### TASK DETAILS
Repeat the data below in full. Pictures must not be part of the copy.

### Collection entries
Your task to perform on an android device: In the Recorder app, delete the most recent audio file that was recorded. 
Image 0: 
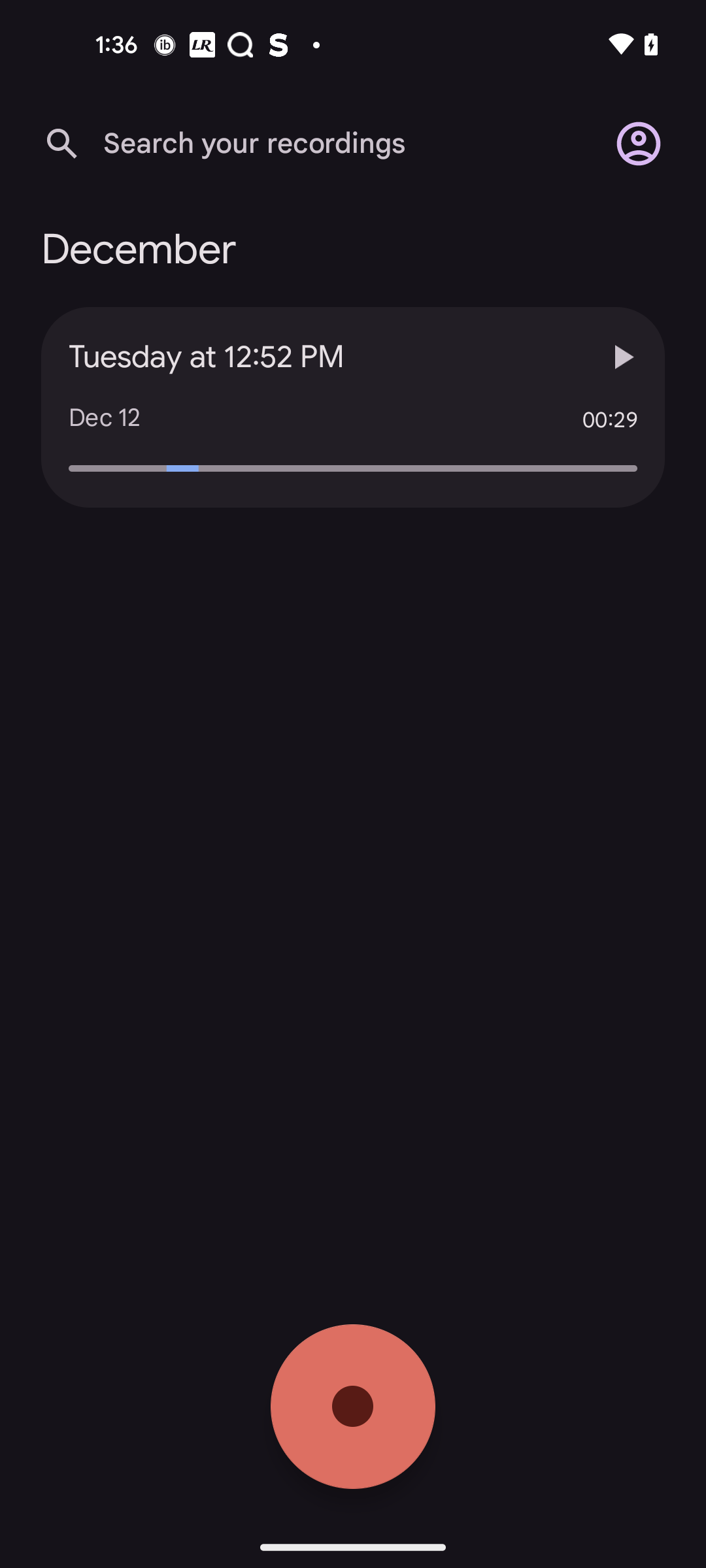
Click on the current recording audio file
Step 0: click (303, 417)
Image 1: 
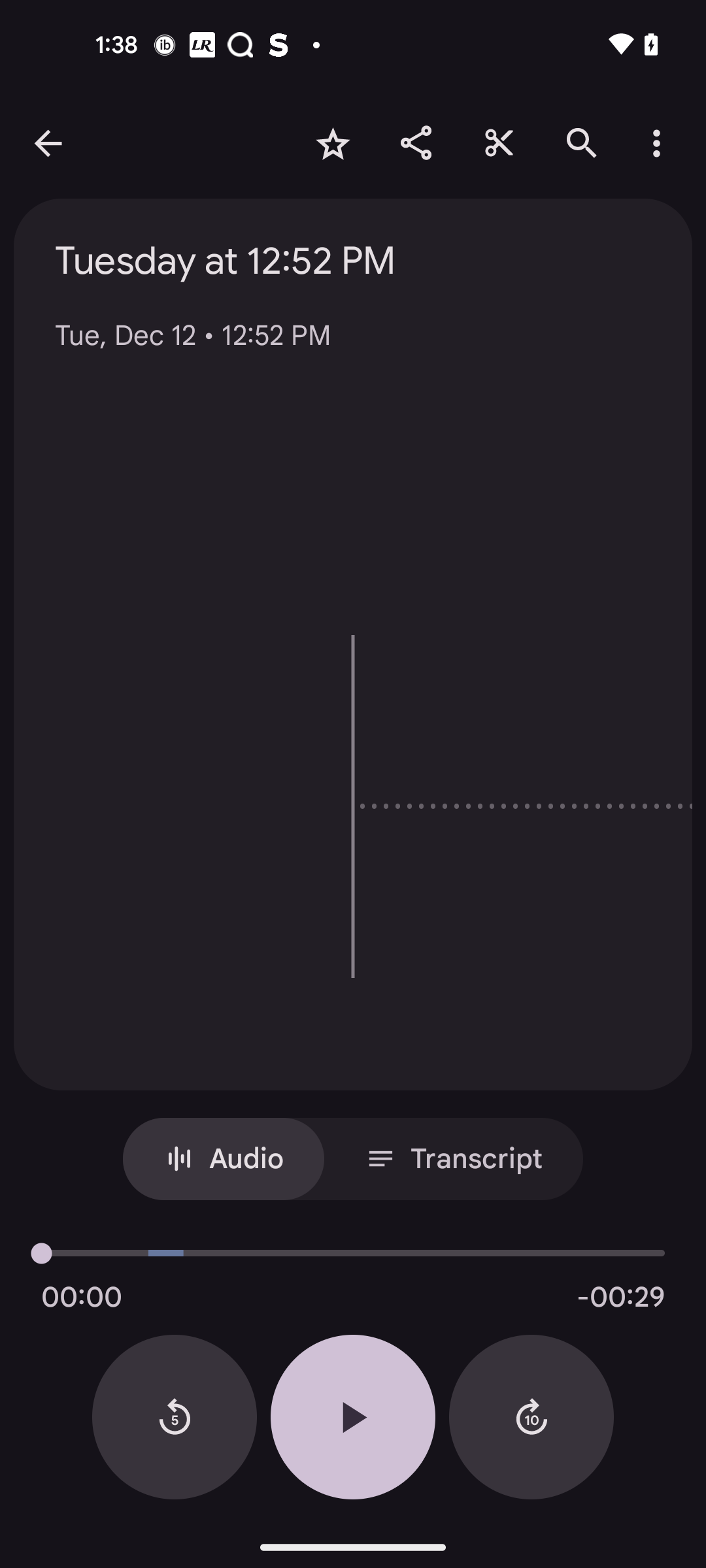
Click on the three dots at the top right corner of the screen
Step 1: click (664, 142)
Image 2: 
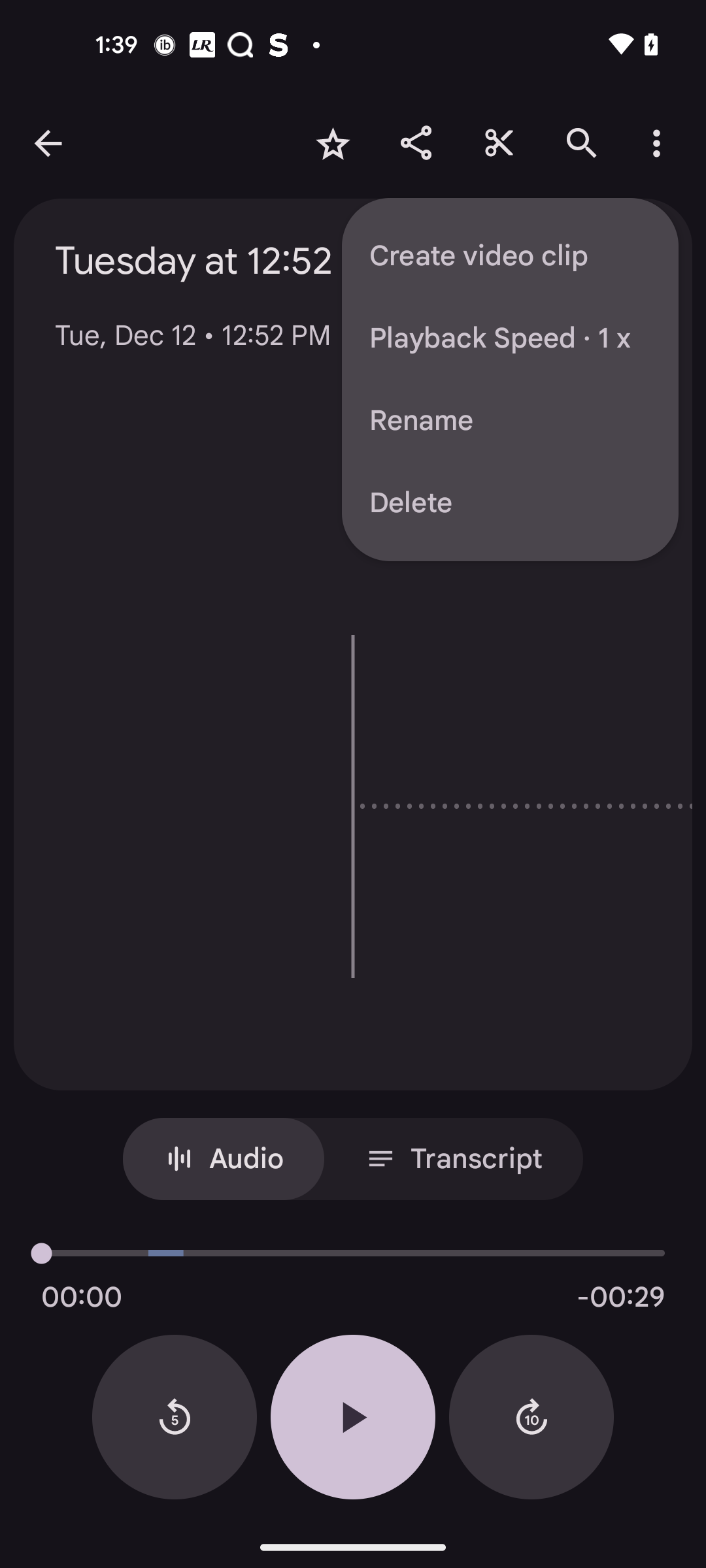
Click on the Delete option
Step 2: click (510, 503)
Image 3: 
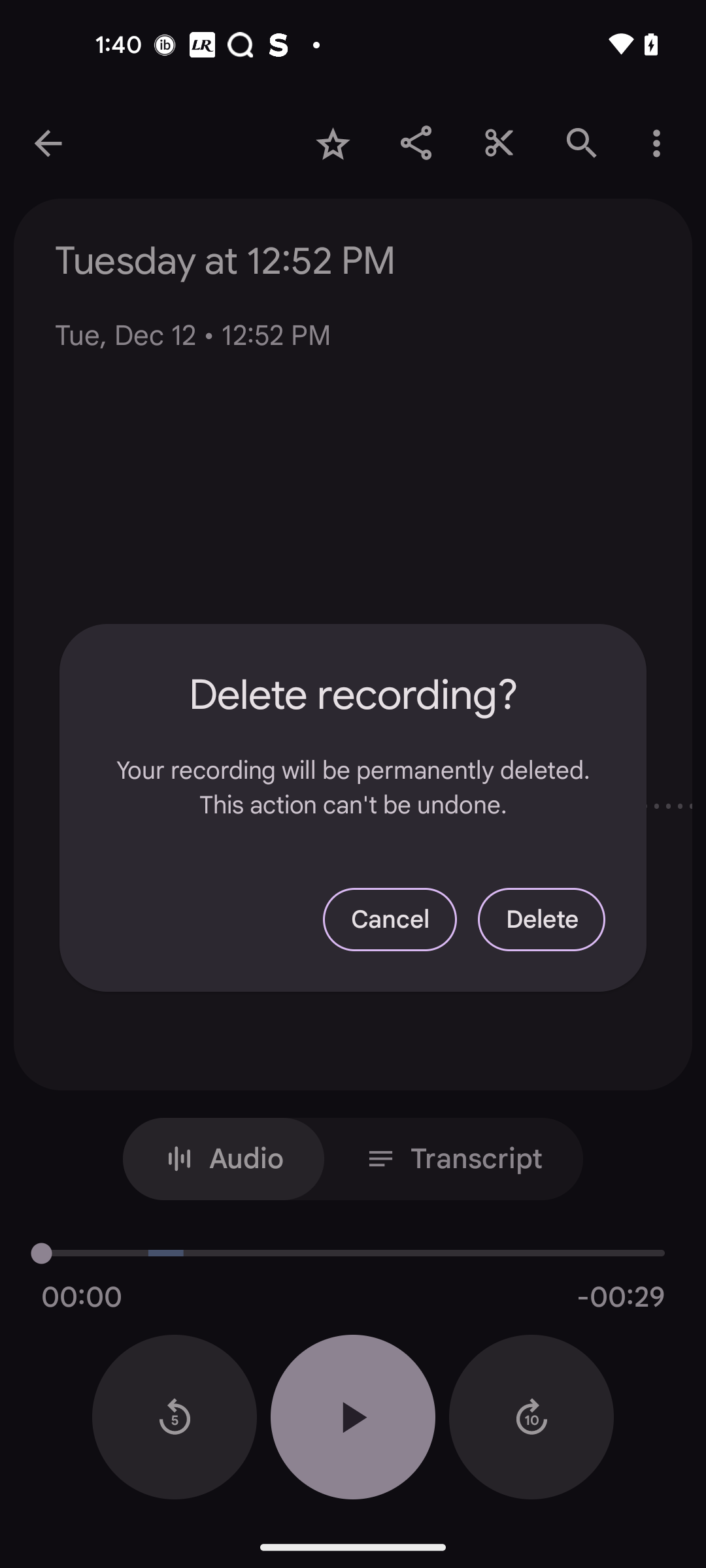
Click on the Delete button
Step 3: click (541, 919)

### ANSWER TO THE EXERCISE
Your task to perform on an android device: In the Recorder app, delete the most recent audio file that was recorded. 
Image 0: 
Click on the current recording audio file
Step 0: click (303, 417)
Image 1: 
Click on the three dots at the top right corner of the screen
Step 1: click (664, 142)
Image 2: 
Click on the Delete option
Step 2: click (510, 503)
Image 3: 
Click on the Delete button
Step 3: click (541, 919)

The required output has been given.